Burial
ANTIDAWN
(Hyperdub)
8/10
(Hyperdub)
8/10
This week, a bit sad post-Christmas, tingling with ambient Covid dread and a bit knackered from New Year’s Eve, I’ve mainly been listening to the new Burial record, ANTIDAWN; amazingly, its familiar blend of rainy, minor-key textures and forlorn-sounding field recordings hasn’t really cheered me up.
Setting my self-indulgent moping aside for a minute though, this is a spacious, desolate return for William Bevan; it requires a fair bit of patience, but repeated listens reveal passages of spine-tingling beauty once you’ve adjusted to its glacial pace. Initially, we seem to be in classic Burial territory, the faraway chords and vinyl crackle soaking us through from the outset, but there are are subtle innovations lighting up the gloomiest corners of this release (like many recent-ish Burial projects, it’s technically an EP, but with the length and ambition to basically count as an album): the uncharacteristically clear, heartfelt vocals of ‘Shadow Paradise’; the creaking, ceremonial organ progressions that drive ‘Strange Neighbourhood’; ‘New Love’s occasional snatches of weirdly straightforward Chicago-y drum machines, seemingly playing out from inside that parked car across the road with its windows steamed up. We remain in the pallid, early-hours South London of so many Burial records, but there’s a remarkable sense of clearer air, of physical space; it’s as if we’ve walked through the spiralling overpasses and dim-lit streets of the dense inner city and jumped the fence into Burgess Park – wide, open, beautiful, and built on ruins.

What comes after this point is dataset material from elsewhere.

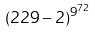Convert formula to latex. <formula><loc_0><loc_0><loc_500><loc_500>( 2 2 9 - 2 ) ^ { 9 ^ { 7 2 } }</formula> 
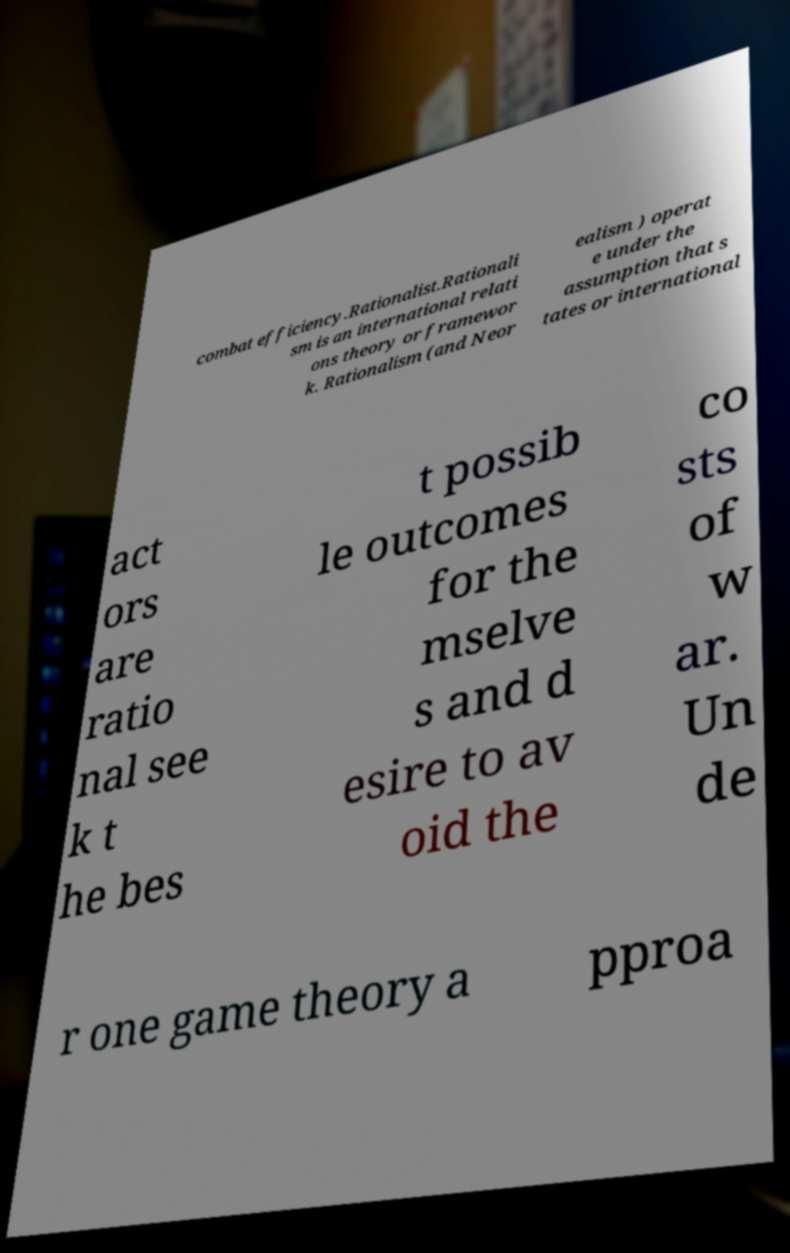Please read and relay the text visible in this image. What does it say? combat efficiency.Rationalist.Rationali sm is an international relati ons theory or framewor k. Rationalism (and Neor ealism ) operat e under the assumption that s tates or international act ors are ratio nal see k t he bes t possib le outcomes for the mselve s and d esire to av oid the co sts of w ar. Un de r one game theory a pproa

Of course, Burial has explored pure, percussion-free ambience plenty of times before – Untrue’s ‘UK’ is an early-career highlight, and newer tracks like ‘State Forest’ are cathedral-like in their washy grandiosity – but never with such a degree of intricacy or sheer temporal commitment. The slow, lengthy understatement of ANTIDAWN probably means it won’t win over any Burial agnostics, or do much for those who primarily flock to his work in search of his inimitable, naturalistic beatmaking, but for the die-hards, there’s much to love here if you’re willing to stick with it. Perhaps that’s a reason to be cheerful after all.